Pulaski County commissioners voted to advertise preliminary budgets for multiple county departments and made several line-item adjustments during a lengthy budget workshop.
The board approved advertising the sheriff’s budget, the county treasurer’s budget, the recorder’s budget, the maintenance and elections budgets, and several smaller offices after brief discussion and motions to approve each department’s advertised figures. In most cases the board voted “aye” and carried the motion to publish the budgets for public notice.
Commissioners and staff repeatedly emphasized that advertising the budgets does not constitute final adoption; line items may be changed before the scheduled public hearing and final adoption. Multiple commissioners noted they preferred to advertise higher or conservative figures in some funds to preserve flexibility and avoid additional meetings later in the cycle.
During the session the board adjusted or reduced several specific line items: one department’s consulting or marketing funds were reduced, a $25,000 line for an outside program (noted on the record as "Freedom therapy"/similar line) was reduced to $20,000 by consensus, and an opioid-related line item that had little recent spending was set to zero with the option for departments to request funds later if needed.

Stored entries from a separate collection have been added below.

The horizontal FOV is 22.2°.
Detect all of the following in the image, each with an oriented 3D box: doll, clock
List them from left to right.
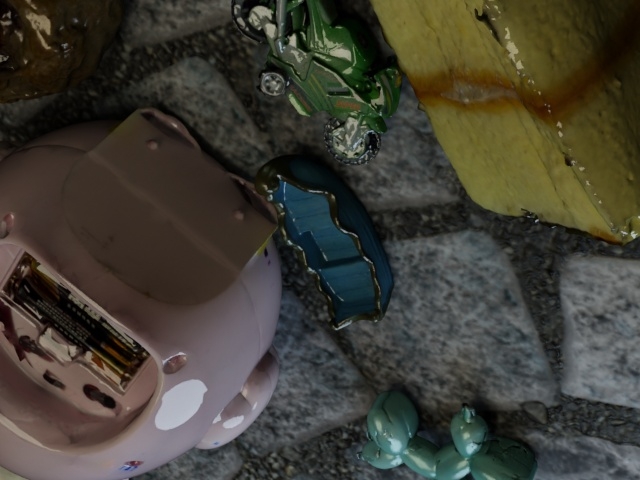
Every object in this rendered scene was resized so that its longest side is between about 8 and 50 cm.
[{"bbox_3d":[-0.231,0.087,1.573,0.368,0.250,0.376,39,131,0],"label":"clock"},{"bbox_3d":[0.112,0.209,1.596,0.159,0.059,0.158,-30,106,41],"label":"doll"}]

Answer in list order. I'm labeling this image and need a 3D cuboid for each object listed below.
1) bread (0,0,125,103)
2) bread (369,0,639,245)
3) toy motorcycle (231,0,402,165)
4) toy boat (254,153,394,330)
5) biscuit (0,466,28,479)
[{"bbox_3d":[-0.291,-0.225,1.479,0.230,0.123,0.230,13,125,19],"label":"bread"},{"bbox_3d":[0.138,-0.124,1.272,0.236,0.198,0.263,-13,113,43],"label":"bread"},{"bbox_3d":[0.007,-0.154,1.398,0.106,0.074,0.190,-29,104,30],"label":"toy motorcycle"},{"bbox_3d":[0.000,0.000,1.500,0.075,0.077,0.185,-11,116,35],"label":"toy boat"},{"bbox_3d":[-0.366,0.202,1.815,0.309,0.040,0.204,4,129,2],"label":"biscuit"}]
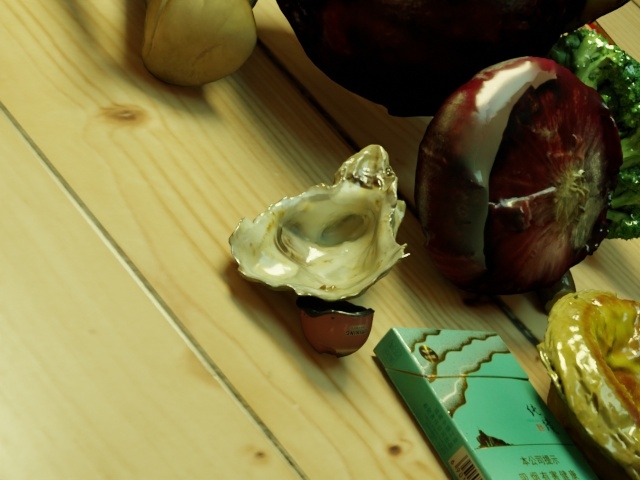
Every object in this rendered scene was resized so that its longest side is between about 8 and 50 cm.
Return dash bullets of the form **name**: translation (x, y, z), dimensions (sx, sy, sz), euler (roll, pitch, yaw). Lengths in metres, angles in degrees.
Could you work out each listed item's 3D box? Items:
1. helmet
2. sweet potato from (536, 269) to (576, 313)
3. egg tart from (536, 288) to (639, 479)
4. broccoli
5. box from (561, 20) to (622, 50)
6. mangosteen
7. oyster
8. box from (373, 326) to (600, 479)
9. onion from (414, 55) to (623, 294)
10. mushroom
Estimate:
- **helmet**: translation (0.011, 0.080, 1.249), dimensions (0.065, 0.049, 0.084), euler (-1, 9, -27)
- **sweet potato**: translation (0.271, 0.039, 1.609), dimensions (0.049, 0.049, 0.117), euler (27, 33, -21)
- **egg tart**: translation (0.322, 0.175, 1.399), dimensions (0.295, 0.116, 0.295), euler (28, 32, -20)
- **broccoli**: translation (0.309, -0.131, 1.736), dimensions (0.294, 0.265, 0.245), euler (28, 56, 4)
- **box**: translation (0.418, -0.224, 2.049), dimensions (0.313, 0.089, 0.197), euler (60, 5, 34)
- **mangosteen**: translation (0.150, -0.317, 1.571), dimensions (0.421, 0.381, 0.381), euler (9, 35, -11)
- **oyster**: translation (0.016, 0.000, 1.319), dimensions (0.161, 0.107, 0.233), euler (18, 36, 11)
- **box**: translation (0.164, 0.177, 1.286), dimensions (0.162, 0.041, 0.229), euler (7, 41, -45)
- **onion**: translation (0.188, -0.069, 1.500), dimensions (0.272, 0.272, 0.195), euler (10, 6, -42)
- **mushroom**: translation (-0.134, -0.314, 1.578), dimensions (0.154, 0.137, 0.407), euler (46, 24, -34)
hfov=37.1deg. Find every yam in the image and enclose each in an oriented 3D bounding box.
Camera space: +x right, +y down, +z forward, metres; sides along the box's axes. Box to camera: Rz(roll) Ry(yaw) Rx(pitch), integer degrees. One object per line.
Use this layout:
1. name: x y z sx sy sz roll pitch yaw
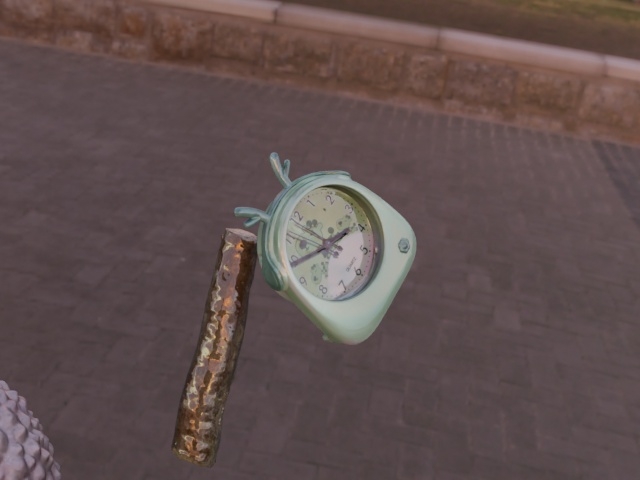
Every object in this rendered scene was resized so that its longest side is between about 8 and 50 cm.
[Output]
1. yam: -0.117 0.123 1.097 0.061 0.274 0.061 14 1 0

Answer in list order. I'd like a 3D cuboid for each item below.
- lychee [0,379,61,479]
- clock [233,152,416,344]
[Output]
1. lychee: -0.277 0.164 0.673 0.197 0.165 0.165 35 28 23
2. clock: 0.000 0.000 1.033 0.211 0.159 0.066 42 -23 -23
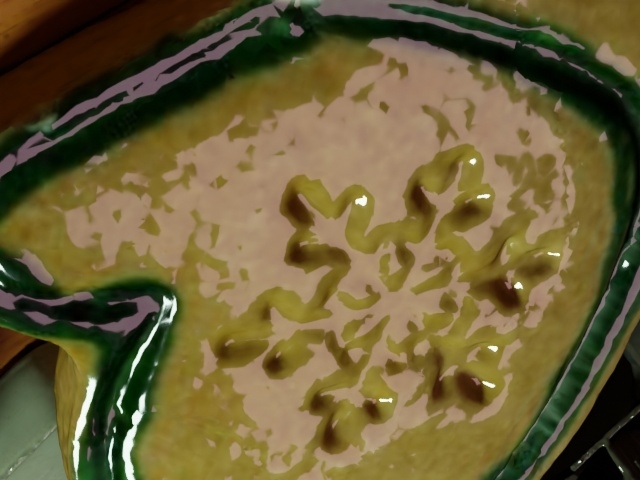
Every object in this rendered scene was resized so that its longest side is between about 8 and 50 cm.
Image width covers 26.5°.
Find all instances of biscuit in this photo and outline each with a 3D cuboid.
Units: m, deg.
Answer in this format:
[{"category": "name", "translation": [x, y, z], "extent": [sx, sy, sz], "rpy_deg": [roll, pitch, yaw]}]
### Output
[{"category": "biscuit", "translation": [0.001, 0.001, 0.503], "extent": [0.287, 0.057, 0.343], "rpy_deg": [14, 111, -26]}]

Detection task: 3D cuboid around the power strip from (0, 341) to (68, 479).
[{"category": "power strip", "translation": [-0.176, 0.145, 0.619], "extent": [0.286, 0.048, 0.080], "rpy_deg": [-45, 150, 13]}]

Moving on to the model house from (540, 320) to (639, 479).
[{"category": "model house", "translation": [0.116, 0.094, 0.725], "extent": [0.211, 0.204, 0.243], "rpy_deg": [-42, 165, 12]}]
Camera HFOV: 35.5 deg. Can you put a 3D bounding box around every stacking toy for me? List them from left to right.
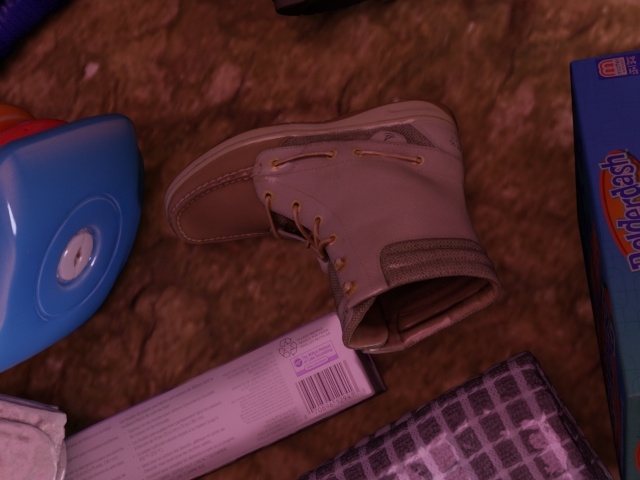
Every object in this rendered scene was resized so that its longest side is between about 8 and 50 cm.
[{"bbox_3d":[-0.291,-0.046,0.702,0.302,0.166,0.175,23,113,15],"label":"stacking toy"}]

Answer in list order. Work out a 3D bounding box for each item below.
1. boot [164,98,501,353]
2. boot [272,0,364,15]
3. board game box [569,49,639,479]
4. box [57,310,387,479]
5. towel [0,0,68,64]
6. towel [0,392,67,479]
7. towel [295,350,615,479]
[{"bbox_3d":[0.000,0.000,0.654,0.213,0.077,0.165,-14,50,7],"label":"boot"},{"bbox_3d":[0.024,-0.279,0.697,0.190,0.076,0.208,-21,96,-5],"label":"boot"},{"bbox_3d":[0.179,0.024,0.567,0.047,0.160,0.210,-8,54,11],"label":"board game box"},{"bbox_3d":[-0.111,0.144,0.704,0.324,0.063,0.067,-27,79,8],"label":"box"},{"bbox_3d":[-0.279,-0.259,0.770,0.308,0.076,0.227,-41,79,5],"label":"towel"},{"bbox_3d":[-0.282,0.224,0.643,0.187,0.049,0.282,16,81,-4],"label":"towel"},{"bbox_3d":[0.105,0.242,0.621,0.235,0.121,0.283,-32,80,8],"label":"towel"}]
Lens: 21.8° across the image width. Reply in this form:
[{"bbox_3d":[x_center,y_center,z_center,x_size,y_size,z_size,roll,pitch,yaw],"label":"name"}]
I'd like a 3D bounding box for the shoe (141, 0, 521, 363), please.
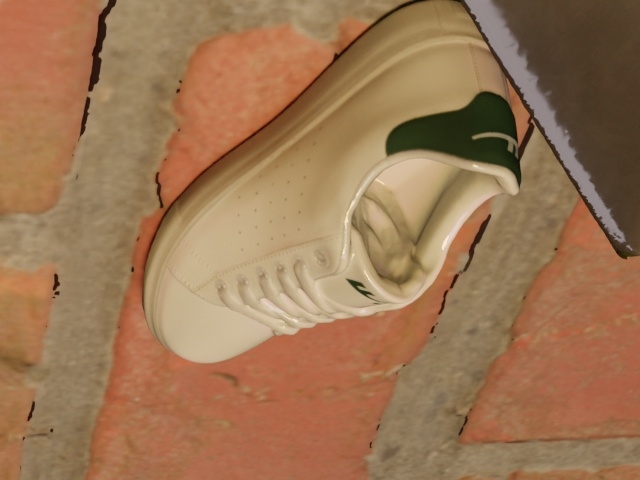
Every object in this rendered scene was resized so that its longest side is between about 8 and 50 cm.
[{"bbox_3d":[0.000,0.000,0.834,0.095,0.110,0.265,18,129,-35],"label":"shoe"}]

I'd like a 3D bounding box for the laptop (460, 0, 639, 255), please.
[{"bbox_3d":[0.126,-0.139,0.603,0.187,0.015,0.269,-37,119,-1],"label":"laptop"}]

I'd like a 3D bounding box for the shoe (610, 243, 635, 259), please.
[{"bbox_3d":[0.204,-0.070,0.799,0.140,0.128,0.262,-8,170,6],"label":"shoe"}]
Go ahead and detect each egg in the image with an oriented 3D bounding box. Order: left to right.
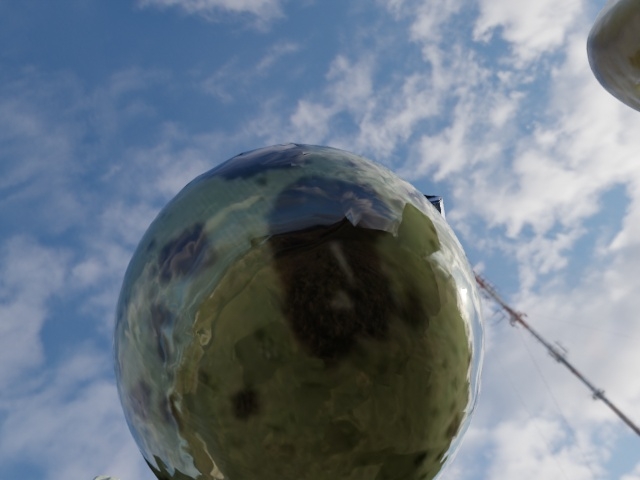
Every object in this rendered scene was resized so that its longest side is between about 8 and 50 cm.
[{"bbox_3d":[-0.019,0.098,0.529,0.288,0.287,0.379,-7,-43,-21],"label":"egg"}]

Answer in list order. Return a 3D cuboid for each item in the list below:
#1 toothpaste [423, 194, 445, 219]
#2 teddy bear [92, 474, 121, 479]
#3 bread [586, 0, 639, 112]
[{"bbox_3d":[0.000,0.000,0.704,0.272,0.053,0.066,-7,-80,13],"label":"toothpaste"},{"bbox_3d":[-0.321,0.543,0.780,0.375,0.362,0.327,-46,-78,-11],"label":"teddy bear"},{"bbox_3d":[0.394,-0.226,0.541,0.333,0.333,0.160,-40,-87,2],"label":"bread"}]
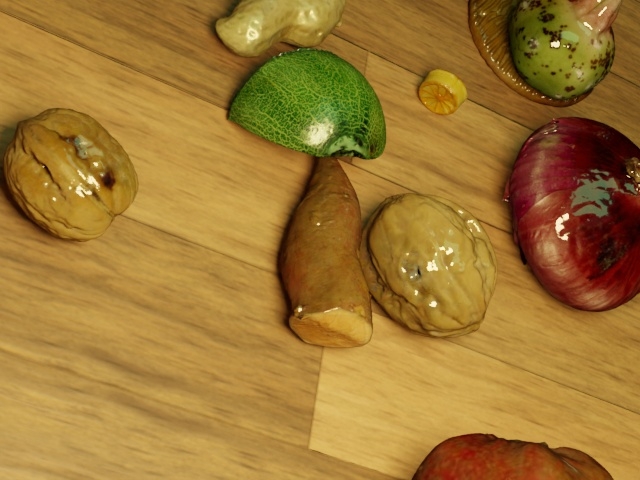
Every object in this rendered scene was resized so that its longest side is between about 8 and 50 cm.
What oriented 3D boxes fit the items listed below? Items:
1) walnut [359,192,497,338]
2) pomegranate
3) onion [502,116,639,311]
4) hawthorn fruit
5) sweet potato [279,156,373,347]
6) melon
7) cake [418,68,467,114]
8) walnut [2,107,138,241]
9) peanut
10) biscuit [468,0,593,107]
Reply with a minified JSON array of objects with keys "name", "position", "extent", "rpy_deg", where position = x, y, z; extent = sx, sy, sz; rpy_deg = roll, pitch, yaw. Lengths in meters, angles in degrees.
[{"name":"walnut","position":[0.165,0.036,1.593],"extent":[0.198,0.198,0.245],"rpy_deg":[-25,77,-37]},{"name":"pomegranate","position":[0.460,-0.384,1.908],"extent":[0.214,0.248,0.214],"rpy_deg":[17,53,-23]},{"name":"onion","position":[0.487,-0.056,1.783],"extent":[0.347,0.285,0.348],"rpy_deg":[16,64,-35]},{"name":"hawthorn fruit","position":[0.256,0.414,1.393],"extent":[0.308,0.308,0.325],"rpy_deg":[10,51,-27]},{"name":"sweet potato","position":[0.001,0.001,1.565],"extent":[0.131,0.131,0.337],"rpy_deg":[13,51,-25]},{"name":"melon","position":[0.014,-0.212,1.630],"extent":[0.265,0.129,0.169],"rpy_deg":[0,29,-33]},{"name":"cake","position":[0.216,-0.263,1.849],"extent":[0.084,0.084,0.044],"rpy_deg":[40,61,-7]},{"name":"walnut","position":[-0.336,-0.090,1.390],"extent":[0.184,0.155,0.155],"rpy_deg":[48,51,-7]},{"name":"peanut","position":[-0.060,-0.369,1.726],"extent":[0.263,0.101,0.117],"rpy_deg":[-20,57,-36]},{"name":"biscuit","position":[0.429,-0.408,2.080],"extent":[0.318,0.040,0.318],"rpy_deg":[14,59,-24]}]
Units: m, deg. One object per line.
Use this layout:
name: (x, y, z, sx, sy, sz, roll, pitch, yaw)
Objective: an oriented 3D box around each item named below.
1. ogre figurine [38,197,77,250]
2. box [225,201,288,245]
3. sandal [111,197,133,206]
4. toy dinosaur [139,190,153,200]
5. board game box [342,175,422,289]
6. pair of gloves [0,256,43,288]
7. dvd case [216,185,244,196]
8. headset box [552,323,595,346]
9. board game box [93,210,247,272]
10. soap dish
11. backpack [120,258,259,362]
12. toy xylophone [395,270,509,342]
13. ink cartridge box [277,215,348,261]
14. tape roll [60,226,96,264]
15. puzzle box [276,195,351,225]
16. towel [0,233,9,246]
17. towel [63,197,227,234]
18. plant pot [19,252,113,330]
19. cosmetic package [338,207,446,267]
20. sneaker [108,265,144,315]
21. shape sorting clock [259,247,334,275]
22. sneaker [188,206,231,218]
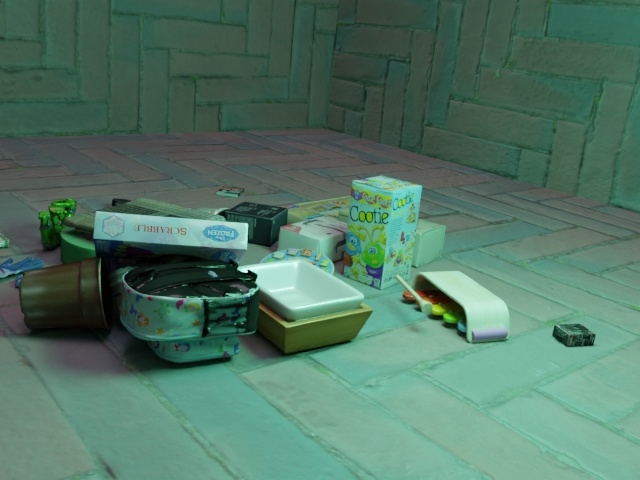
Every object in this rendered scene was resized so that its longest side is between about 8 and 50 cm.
ogre figurine: (-0.747, -0.047, 1.995, 0.097, 0.118, 0.197, 4, 18, -19)
box: (-0.203, -0.056, 2.234, 0.158, 0.093, 0.156, 9, 17, 14)
sandal: (-0.637, -0.098, 2.326, 0.097, 0.054, 0.254, 7, 6, -20)
toy dinosaur: (-0.612, -0.127, 2.465, 0.090, 0.047, 0.082, 52, 28, 21)
board game box: (0.168, -0.026, 1.947, 0.142, 0.275, 0.144, 19, 21, 37)
pair of gloves: (-0.724, 0.082, 1.753, 0.198, 0.023, 0.159, 13, 17, 21)
dvd case: (-0.353, -0.192, 2.762, 0.087, 0.013, 0.119, 7, 16, 4)
headset box: (0.602, 0.226, 1.682, 0.083, 0.032, 0.062, 2, 18, -17)
board game box: (-0.349, 0.023, 1.613, 0.318, 0.065, 0.318, 4, -17, -14)
soap dish: (-0.060, 0.144, 1.595, 0.229, 0.118, 0.291, -7, 21, -34)
backpack: (-0.277, 0.136, 1.430, 0.254, 0.191, 0.225, 3, 13, -34)
toy xylophone: (0.317, 0.150, 1.753, 0.236, 0.081, 0.322, 2, 18, -13)
ink cartridge box: (0.000, 0.000, 2.124, 0.159, 0.092, 0.218, 18, 20, 34)
tape roll: (-0.546, 0.012, 1.941, 0.322, 0.077, 0.321, 5, 17, -1)
puzzle box: (0.067, -0.087, 2.490, 0.409, 0.052, 0.272, -12, 24, -43)
towel: (-0.948, 0.007, 1.933, 0.152, 0.023, 0.113, -12, 22, -38)
towel: (-0.478, -0.043, 1.925, 0.324, 0.056, 0.312, 14, 22, 31)
plant pot: (-0.536, 0.117, 1.490, 0.165, 0.166, 0.167, -5, 19, -8)
cosmetic package: (0.219, -0.021, 2.226, 0.310, 0.113, 0.160, 17, 20, 34)
sneaker: (-0.355, 0.133, 1.605, 0.281, 0.115, 0.105, 9, -22, -44)
shape sorting clock: (-0.066, 0.074, 1.919, 0.206, 0.040, 0.206, 2, 25, -1)
sneaker: (-0.401, -0.059, 2.213, 0.121, 0.099, 0.262, 11, 9, 41)
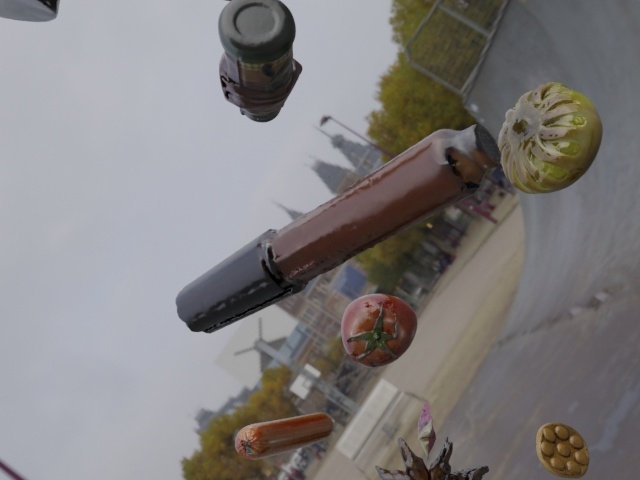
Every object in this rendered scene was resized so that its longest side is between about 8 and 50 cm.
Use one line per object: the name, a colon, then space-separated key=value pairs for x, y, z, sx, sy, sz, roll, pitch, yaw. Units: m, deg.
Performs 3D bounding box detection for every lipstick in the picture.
lipstick: x=0.000 y=0.000 z=0.786 sx=0.418 sy=0.077 sz=0.077 roll=-30 pitch=9 yaw=34

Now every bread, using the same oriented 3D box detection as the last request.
bread: x=0.441 y=0.383 z=1.369 sx=0.110 sy=0.110 sz=0.024 roll=-51 pitch=-9 yaw=-38
bread: x=0.390 y=-0.181 z=1.321 sx=0.213 sy=0.104 sz=0.213 roll=-35 pitch=45 yaw=45

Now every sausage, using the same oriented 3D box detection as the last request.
sausage: x=-0.052 y=0.320 z=1.241 sx=0.053 sy=0.053 sz=0.348 roll=-57 pitch=-23 yaw=5

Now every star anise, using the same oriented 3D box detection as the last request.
star anise: x=0.227 y=0.539 z=1.576 sx=0.272 sy=0.272 sz=0.102 roll=-59 pitch=-1 yaw=19

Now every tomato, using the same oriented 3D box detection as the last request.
tomato: x=0.127 y=0.185 z=1.616 sx=0.167 sy=0.167 sz=0.167 roll=-55 pitch=-8 yaw=-11

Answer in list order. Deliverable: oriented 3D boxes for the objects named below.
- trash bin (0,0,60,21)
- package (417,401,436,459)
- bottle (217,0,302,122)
trash bin: x=-0.369 y=-0.423 z=0.834 sx=0.203 sy=0.252 sz=0.302 roll=13 pitch=-91 yaw=-68
package: x=0.176 y=0.317 z=1.250 sx=0.059 sy=0.029 sz=0.083 roll=-93 pitch=3 yaw=-55
bottle: x=-0.107 y=-0.316 z=1.359 sx=0.156 sy=0.143 sz=0.271 roll=-10 pitch=-20 yaw=-6
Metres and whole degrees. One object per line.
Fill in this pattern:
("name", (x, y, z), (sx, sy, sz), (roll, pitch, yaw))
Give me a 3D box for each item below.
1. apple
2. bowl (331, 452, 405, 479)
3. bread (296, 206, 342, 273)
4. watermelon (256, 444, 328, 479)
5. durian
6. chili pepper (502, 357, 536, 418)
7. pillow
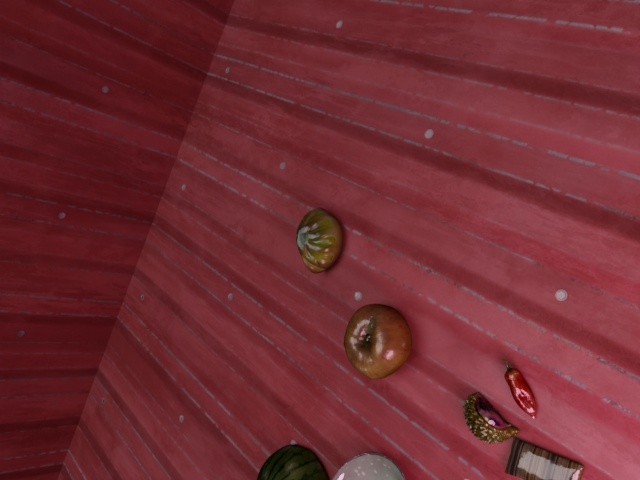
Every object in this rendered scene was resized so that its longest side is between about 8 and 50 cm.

A commissioner summarized the board’s approach: advertise broadly now to meet statutory publishing requirements and return to make cuts or reallocations before adoption if necessary. The board also discussed how some restricted funds (riverboat, cumulative building, special projects) have particular allowable uses — e.g., courthouse lease payments and structure repairs — and confirmed they will preserve those allocations.
A roll-call-style vote was taken for the sheriff’s budget advertising. The chairman called for those in favor; commissioners responded “Aye,” and the motion carried. Similar procedural votes carried for treasurer, recorder, soil and water, maintenance, elections, veterans service, auditors and other departmental budgets later in the meeting.
The board repeatedly asked staff to provide clearer documentation where questions arose, including the source of funds for items identified as coming from fund 11/12 instead of county general, and to confirm whether particular items (for example, fair premium payments or security costs at the Justice Center) are already budgeted elsewhere.
Next steps: the county will publish the advertised budgets and schedule the public hearing required by statute in September; commissioners said they will review and amend items as needed before final adoption.